Context expansion settings (for enriching search results with surrounding content) are configured in the search section. See Search Settings.

Table Serialization

Control how tables are represented in chunks:

processing:
  chunking_use_markdown_tables: false  # Default: narrative format
  • false: Tables as narrative text ("Value A, Column 2 = Value B")
  • true: Tables as markdown (preserves table structure)

Automatic Title Generation

Enable automatic title generation during document ingestion:

processing:
  auto_title: true
  title_model:
    provider: ollama
    name: gpt-oss
    enable_thinking: false

When auto_title is enabled, haiku.rag attempts to extract a title for each document during ingestion using a two-tier approach:

  1. Structural extraction (free, no model calls): Scans the DoclingDocument for semantic labels (HTML <title> tags, <h1> headings, PDF title blocks, and section headers)
  2. LLM fallback: When no structural title is found (e.g., plain text), generates a title using the configured title_model

Priority order: HTML <title> (furniture layer) → h1/PDF title (body layer) → first section header → LLM generation.

Explicit titles passed via title= parameter always take precedence and are never overridden.
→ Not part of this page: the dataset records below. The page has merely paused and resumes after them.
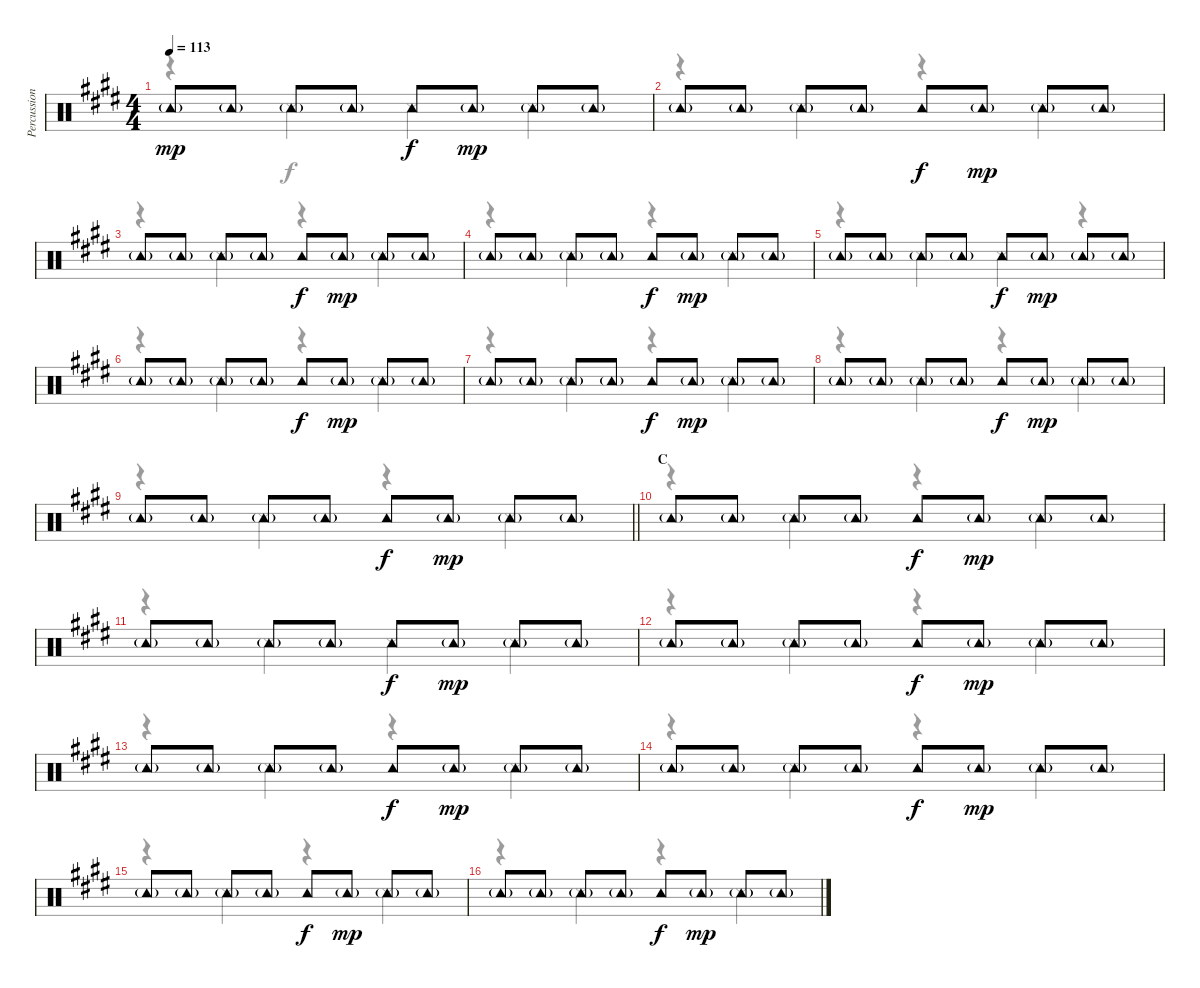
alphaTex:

\track ("Percussion" "Percussion") {instrument percussion}
\staff {score}
\articulation defaults
\voice
\ts (4 4)
\tempo 113
\clef neutral
\ks e "Tambourine (hit)"{g}.8{dy mp} "Tambourine (hit)"{g}.8 "Tambourine (hit)"{g}.8 "Tambourine (hit)"{g}.8 "Tambourine (hit)".8{dy f} "Tambourine (hit)"{g}.8{dy mp} "Tambourine (hit)"{g}.8 "Tambourine (hit)"{g}.8
|
"Tambourine (hit)"{g}.8 "Tambourine (hit)"{g}.8 "Tambourine (hit)"{g}.8 "Tambourine (hit)"{g}.8 "Tambourine (hit)".8{dy f} "Tambourine (hit)"{g}.8{dy mp} "Tambourine (hit)"{g}.8 "Tambourine (hit)"{g}.8 |
"Tambourine (hit)"{g}.8 "Tambourine (hit)"{g}.8 "Tambourine (hit)"{g}.8 "Tambourine (hit)"{g}.8 "Tambourine (hit)".8{dy f} "Tambourine (hit)"{g}.8{dy mp} "Tambourine (hit)"{g}.8 "Tambourine (hit)"{g}.8 |
"Tambourine (hit)"{g}.8 "Tambourine (hit)"{g}.8 "Tambourine (hit)"{g}.8 "Tambourine (hit)"{g}.8 "Tambourine (hit)".8{dy f} "Tambourine (hit)"{g}.8{dy mp} "Tambourine (hit)"{g}.8 "Tambourine (hit)"{g}.8 |
"Tambourine (hit)"{g}.8 "Tambourine (hit)"{g}.8 "Tambourine (hit)"{g}.8 "Tambourine (hit)"{g}.8 "Tambourine (hit)".8{dy f} "Tambourine (hit)"{g}.8{dy mp} "Tambourine (hit)"{g}.8 "Tambourine (hit)"{g}.8 |
"Tambourine (hit)"{g}.8 "Tambourine (hit)"{g}.8 "Tambourine (hit)"{g}.8 "Tambourine (hit)"{g}.8 "Tambourine (hit)".8{dy f} "Tambourine (hit)"{g}.8{dy mp} "Tambourine (hit)"{g}.8 "Tambourine (hit)"{g}.8 |
"Tambourine (hit)"{g}.8 "Tambourine (hit)"{g}.8 "Tambourine (hit)"{g}.8 "Tambourine (hit)"{g}.8 "Tambourine (hit)".8{dy f} "Tambourine (hit)"{g}.8{dy mp} "Tambourine (hit)"{g}.8 "Tambourine (hit)"{g}.8 |
"Tambourine (hit)"{g}.8 "Tambourine (hit)"{g}.8 "Tambourine (hit)"{g}.8 "Tambourine (hit)"{g}.8 "Tambourine (hit)".8{dy f} "Tambourine (hit)"{g}.8{dy mp} "Tambourine (hit)"{g}.8 "Tambourine (hit)"{g}.8 |
\barLineRight lightlight "Tambourine (hit)"{g}.8 "Tambourine (hit)"{g}.8 "Tambourine (hit)"{g}.8 "Tambourine (hit)"{g}.8 "Tambourine (hit)".8{dy f} "Tambourine (hit)"{g}.8{dy mp} "Tambourine (hit)"{g}.8 "Tambourine (hit)"{g}.8
|
\section ("" "C")
"Tambourine (hit)"{g}.8 "Tambourine (hit)"{g}.8 "Tambourine (hit)"{g}.8 "Tambourine (hit)"{g}.8 "Tambourine (hit)".8{dy f} "Tambourine (hit)"{g}.8{dy mp} "Tambourine (hit)"{g}.8 "Tambourine (hit)"{g}.8 |
"Tambourine (hit)"{g}.8 "Tambourine (hit)"{g}.8 "Tambourine (hit)"{g}.8 "Tambourine (hit)"{g}.8 "Tambourine (hit)".8{dy f} "Tambourine (hit)"{g}.8{dy mp} "Tambourine (hit)"{g}.8 "Tambourine (hit)"{g}.8 |
"Tambourine (hit)"{g}.8 "Tambourine (hit)"{g}.8 "Tambourine (hit)"{g}.8 "Tambourine (hit)"{g}.8 "Tambourine (hit)".8{dy f} "Tambourine (hit)"{g}.8{dy mp} "Tambourine (hit)"{g}.8 "Tambourine (hit)"{g}.8 |
"Tambourine (hit)"{g}.8 "Tambourine (hit)"{g}.8 "Tambourine (hit)"{g}.8 "Tambourine (hit)"{g}.8 "Tambourine (hit)".8{dy f} "Tambourine (hit)"{g}.8{dy mp} "Tambourine (hit)"{g}.8 "Tambourine (hit)"{g}.8 |
"Tambourine (hit)"{g}.8 "Tambourine (hit)"{g}.8 "Tambourine (hit)"{g}.8 "Tambourine (hit)"{g}.8 "Tambourine (hit)".8{dy f} "Tambourine (hit)"{g}.8{dy mp} "Tambourine (hit)"{g}.8 "Tambourine (hit)"{g}.8 |
"Tambourine (hit)"{g}.8 "Tambourine (hit)"{g}.8 "Tambourine (hit)"{g}.8 "Tambourine (hit)"{g}.8 "Tambourine (hit)".8{dy f} "Tambourine (hit)"{g}.8{dy mp} "Tambourine (hit)"{g}.8 "Tambourine (hit)"{g}.8 |
"Tambourine (hit)"{g}.8 "Tambourine (hit)"{g}.8 "Tambourine (hit)"{g}.8 "Tambourine (hit)"{g}.8 "Tambourine (hit)".8{dy f} "Tambourine (hit)"{g}.8{dy mp} "Tambourine (hit)"{g}.8 "Tambourine (hit)"{g}.8
\voice
\clef neutral
\ottava regular
\simile none
\ks e
r.4{dy f} "Snare (side stick) 3".4 "Snare (side stick) 3".4 "Snare (side stick) 3".4 |
r.4 "Snare (side stick) 3".4 r.4 "Snare (side stick) 3".4 |
r.4 "Snare (side stick) 3".4 r.4 "Snare (side stick) 3".4 |
r.4 "Snare (side stick) 3".4 r.4 "Snare (side stick) 3".4 |
r.4 "Snare (side stick) 3".4 "Snare (side stick) 3".4 r.4 |
r.4 "Snare (side stick) 3".4 r.4 "Snare (side stick) 3".4 |
r.4 "Snare (side stick) 3".4 r.4 "Snare (side stick) 3".4 |
r.4 "Snare (side stick) 3".4 r.4 "Snare (side stick) 3".4 |
\barLineRight lightlight
r.4 "Snare (side stick) 3".4 r.4 "Snare (side stick) 3".4 |
r.4 "Snare (side stick) 3".4 r.4 "Snare (side stick) 3".4 |
r.4 "Snare (side stick) 3".4 "Snare (side stick) 3".4 "Snare (side stick) 3".4 |
r.4 "Snare (side stick) 3".4 r.4 "Snare (side stick) 3".4 |
r.4 "Snare (side stick) 3".4 r.4 "Snare (side stick) 3".4 |
r.4 "Snare (side stick) 3".4 r.4 "Snare (side stick) 3".4 |
r.4 "Snare (side stick) 3".4 r.4 "Snare (side stick) 3".4 |
r.4 "Snare (side stick) 3".4 r.4 "Snare (side stick) 3".4

When updating documents, existing titles are preserved. Auto-generation only applies to untitled documents.

To generate titles for existing untitled documents, use rebuild --title-only.

PDF Embedded Attachments

A PDF can carry other files inside it via the /EmbeddedFiles table (signed memos, appendices, supporting documents). With extract_pdf_attachments: true (the default), each embedded file is ingested as a separate Document linked to the wrapper through metadata.parent_uri:

processing:
  extract_pdf_attachments: true
# After ingesting a PDF with two attachments:
parent = await client.create_document_from_source("/path/to/parent.pdf")
children = await client.list_documents(
    filter=f"metadata LIKE '%\"parent_uri\": \"{parent.uri}\"%'"
)
# children: 2 Documents, each with parent.uri in metadata.parent_uri,
# URIs like file:///path/to/parent.pdf#attachment=memo.pdf

Behavior:

  • Children inherit the standard ingest metadata (content_type, md5, source_revision) plus parent_uri.
  • Re-ingesting the wrapper reconciles its current attachment set against existing children: new files are added, changed bytes update in place, and dropped names are deleted.
  • delete_document(parent_id) cascades through parent_uri and removes all children.
  • Nested attachments (a PDF whose attachment is itself a PDF with attachments) recurse up to 3 levels. Deeper chains log a warning and skip.
  • Attachments whose extension or content type the converter does not support log a warning and are skipped without aborting the rest of the set.

Set extract_pdf_attachments: false to ingest only the wrapper.

Continuous ingestion

For automatic ingestion of local directories, S3 buckets, or HTTP sources (with filtering, retries, and a dead-letter queue), see the Ingester page.